Shi Chenbo, Yan Shaojia, Wang Lei, Zhu Changsheng, Yu Yue, Zang Xiangteng, Liu Aiping, Zhang Chun, Feng Xiaobing
College of lntelligent Equipment, Shandong University of Science and Technology, Taian 271019, China.
Beijing Botsing Technology Co., Ltd., Beijing 100176, China.
Sensors (Basel). 2025 Jul 27;25(15):4656. doi: 10.3390/s25154656.
Real-time quality monitoring using molten pool images is a critical focus in researching high-quality, intelligent automated welding.
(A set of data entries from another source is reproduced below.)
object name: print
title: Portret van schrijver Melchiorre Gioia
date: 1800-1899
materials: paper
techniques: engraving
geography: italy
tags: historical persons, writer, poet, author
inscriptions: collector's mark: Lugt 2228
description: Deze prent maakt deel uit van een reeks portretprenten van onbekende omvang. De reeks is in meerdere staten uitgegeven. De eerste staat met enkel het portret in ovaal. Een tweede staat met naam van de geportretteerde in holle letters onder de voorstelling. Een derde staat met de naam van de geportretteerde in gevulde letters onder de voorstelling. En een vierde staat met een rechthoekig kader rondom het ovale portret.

To address interference problems in molten pool images under complex welding scenarios (e.g., reflected laser spots from spatter misclassified as porosity defects) and the limited interpretability of deep learning models, this paper proposes a multi-granularity spatiotemporal representation learning algorithm based on the hybrid enhancement of handcrafted and deep learning features. A MobileNetV2 backbone network integrated with a Temporal Shift Module (TSM) is designed to progressively capture the short-term dynamic features of the molten pool and integrate temporal information across both low-level and high-level features. A multi-granularity attention-based feature aggregation module is developed to select key interference-free frames using cross-frame attention, generate multi-granularity features via grouped pooling, and apply the Convolutional Block Attention Module (CBAM) at each granularity level. Finally, these multi-granularity spatiotemporal features are adaptively fused. Meanwhile, an independent branch utilizes the Histogram of Oriented Gradient (HOG) and Scale-Invariant Feature Transform (SIFT) features to extract long-term spatial structural information from historical edge images, enhancing the model's interpretability. The proposed method achieves an accuracy of 99.187% on a self-constructed dataset. Additionally, it attains a real-time inference speed of 20.983 ms per sample on a hardware platform equipped with an Intel i9-12900H CPU and an RTX 3060 GPU, thus effectively balancing accuracy, speed, and interpretability.
利用熔池图像进行实时质量监测是高质量、智能自动化焊接研究的关键重点。为了解决复杂焊接场景下熔池图像中的干扰问题(例如,飞溅反射的激光光斑被误分类为气孔缺陷)以及深度学习模型可解释性有限的问题,本文提出了一种基于手工特征和深度学习特征混合增强的多粒度时空表示学习算法。设计了一个集成了时间移位模块(TSM)的MobileNetV2骨干网络,以逐步捕捉熔池的短期动态特征,并整合低层次和高层次特征的时间信息。开发了一个基于多粒度注意力的特征聚合模块,使用跨帧注意力选择关键的无干扰帧,通过分组池化生成多粒度特征,并在每个粒度级别应用卷积块注意力模块(CBAM)。最后,对这些多粒度时空特征进行自适应融合。同时,一个独立分支利用方向梯度直方图(HOG)和尺度不变特征变换(SIFT)特征从历史边缘图像中提取长期空间结构信息,增强模型的可解释性。该方法在自建数据集上的准确率达到99.187%。此外,在配备英特尔i9-12900H CPU和RTX 3060 GPU的硬件平台上,它实现了每个样本20.983毫秒的实时推理速度,从而有效地平衡了准确率、速度和可解释性。